• Task directions
Retype word for word the stretch of entries below from the line that has "FactoryBot.define do" through the line that has "Can you describe this image briefly? In the", and omit the pictures.
Input: Begin
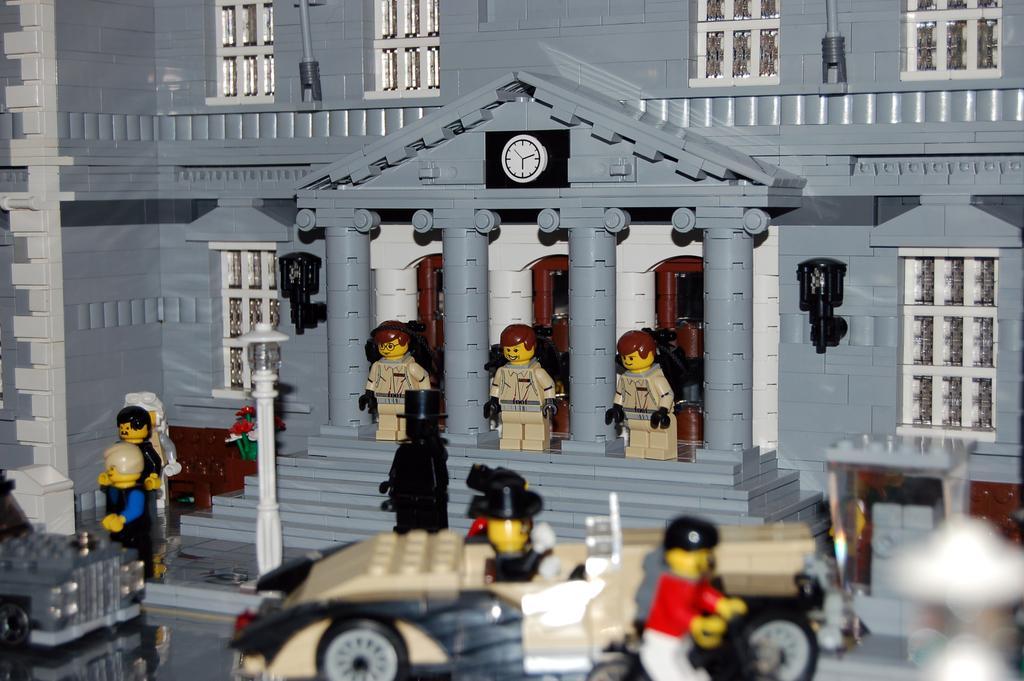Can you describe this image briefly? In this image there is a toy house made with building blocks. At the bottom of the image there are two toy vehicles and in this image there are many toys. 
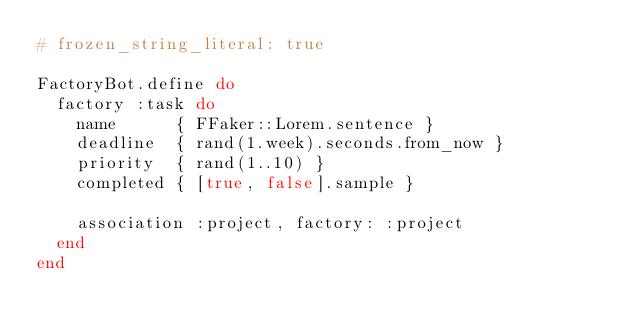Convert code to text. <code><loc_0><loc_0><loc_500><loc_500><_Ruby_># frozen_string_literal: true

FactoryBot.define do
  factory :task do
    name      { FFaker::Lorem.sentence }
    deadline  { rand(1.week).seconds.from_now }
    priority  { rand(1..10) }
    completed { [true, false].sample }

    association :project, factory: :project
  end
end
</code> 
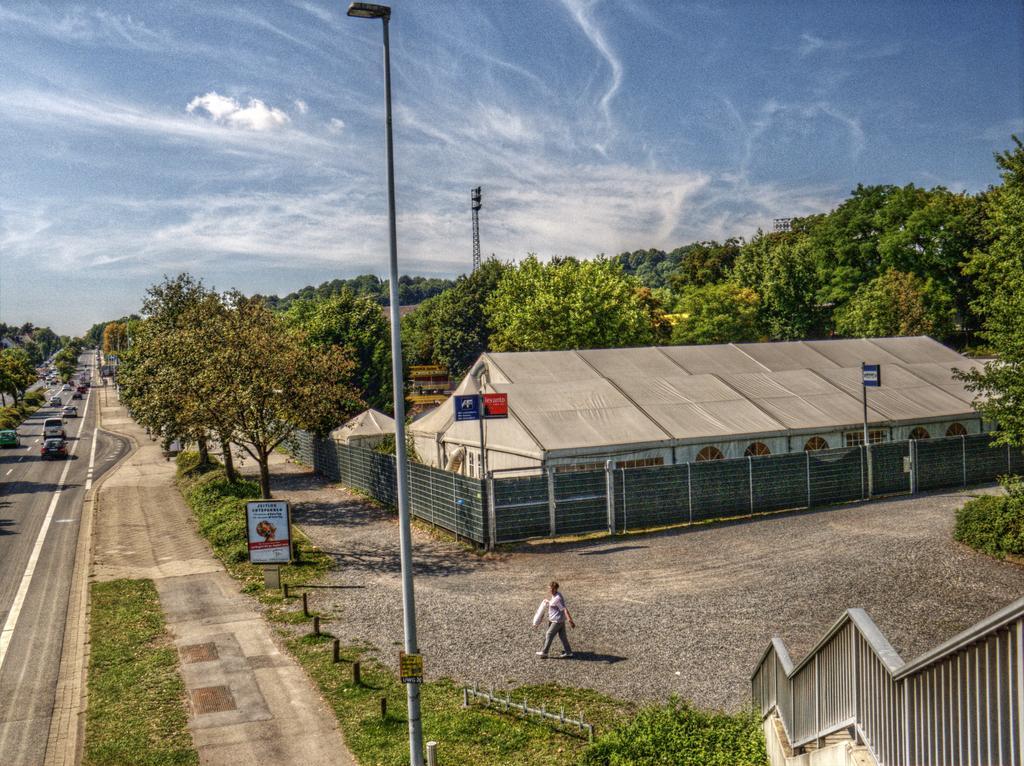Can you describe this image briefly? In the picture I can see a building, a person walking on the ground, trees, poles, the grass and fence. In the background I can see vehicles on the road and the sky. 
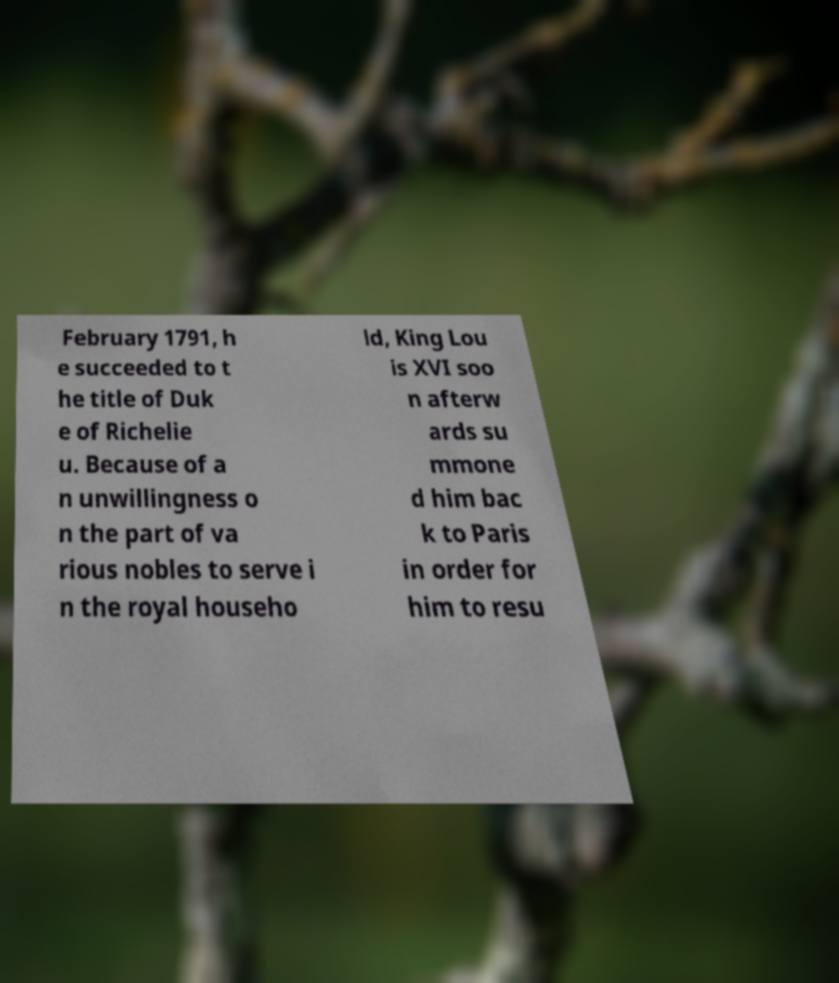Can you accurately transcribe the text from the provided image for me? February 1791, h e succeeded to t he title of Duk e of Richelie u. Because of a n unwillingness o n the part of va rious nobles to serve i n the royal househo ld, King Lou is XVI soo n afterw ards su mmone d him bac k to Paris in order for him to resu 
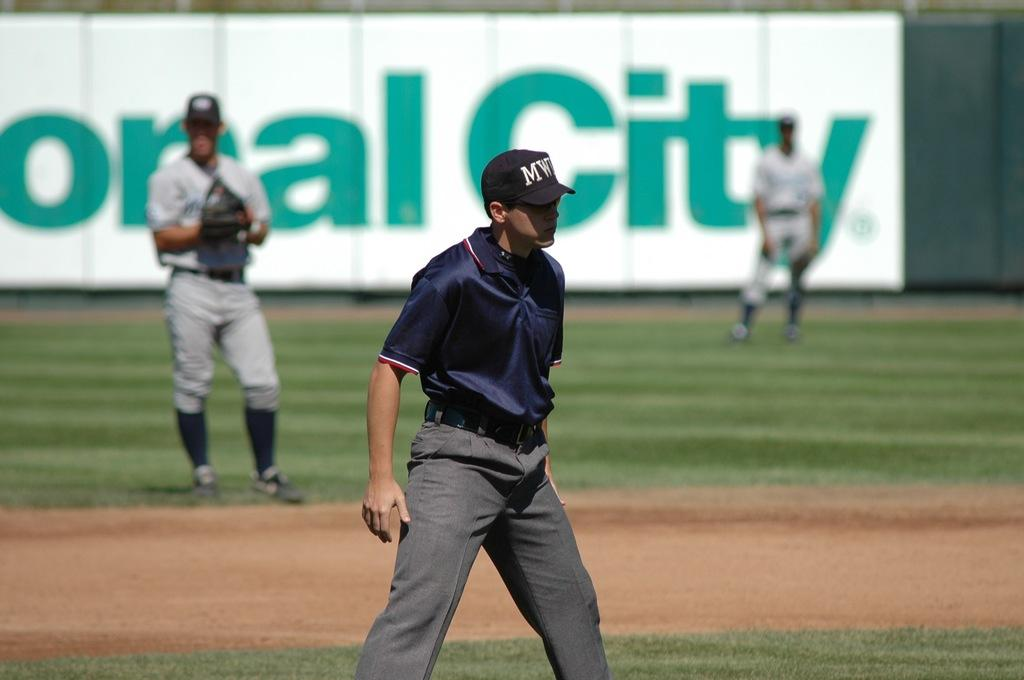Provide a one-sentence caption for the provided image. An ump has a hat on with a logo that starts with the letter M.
Input: End
• Task output
FactoryBot.define do
  factory :task do
    name      { FFaker::Lorem.sentence }
    deadline  { rand(1.week).seconds.from_now }
    priority  { rand(1..10) }
    completed { [true, false].sample }

    association :project, factory: :project
  end
end
</code> 
Can you describe this image briefly? In the picture I can see a building, a person walking on the ground, trees, poles, the grass and fence. In the background I can see vehicles on the road and the sky. 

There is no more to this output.